The FBI is depending largely on its first-ever recording of a blood initiation ceremony for new Mafia members to win its case against 21 reputed organized-crime figures named in newly unsealed indictments.
"It should lay to rest once and for all any doubts that La Cosa Nostra is a figment of law enforcement imagination," Attorney General Richard Thornburgh said, announcing the indictments at a news conference.Thornburgh said the FBI had driven a "stake in the heart" of the crime family headed by reputed New England mob boss Raymond "Junior" Patriarca, by seizing at least 15 of the 21 suspects, including Patriarca.

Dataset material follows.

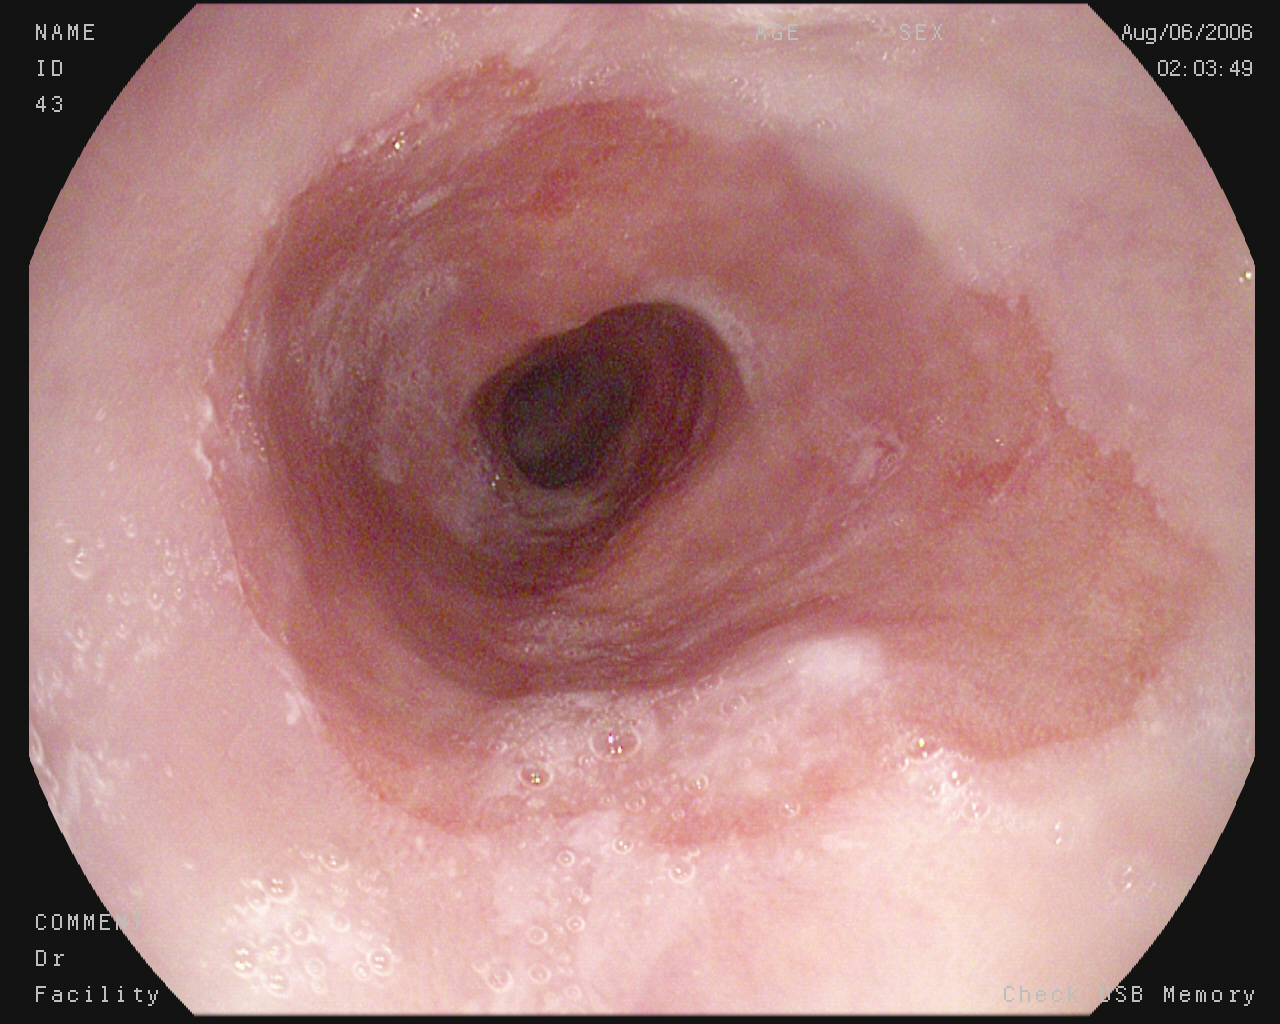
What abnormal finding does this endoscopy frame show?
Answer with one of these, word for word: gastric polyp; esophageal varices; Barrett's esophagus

Barrett's esophagus

But federal agents also warned that organized-crime members in other cities might try to kill Patriarca and other New England Mafia leaders over their unwitting revelation of the ceremony, reports said Tuesday.
"They have made a monumental mistake," Thomas Hughes, director of the city FBI office told the Boston Herald. "La Cosa Nostra has hit - murdered - people for much less than allowing the FBI to eavesdrop on an induction ceremony for new members."
The induction rite, mentioned in each of the indictments unsealed Monday, was recorded by an FBI bug last Oct. 29 at a house in Medford, Mass., agents said. Seventeen members of Patriarca's organization were in attendance.
The suspected mobsters were named in three indictments listing 113 separate counts, including murder, extortion, kidnapping, illegal gambling and drug running, Thornburgh said.
According to government documents, Patriarca presided over the ceremony which included drawing blood from the inductees' trigger fingers. Boston's Biagio DiGiacomo began it, saying, "In honor of the family, the family is open."
He then administered, in Italian, the following oath to each of the soldiers: "I want to enter into this organization to protect my family and to protect all my friends. I swear not to divulge this secret and to obey, with love and silence."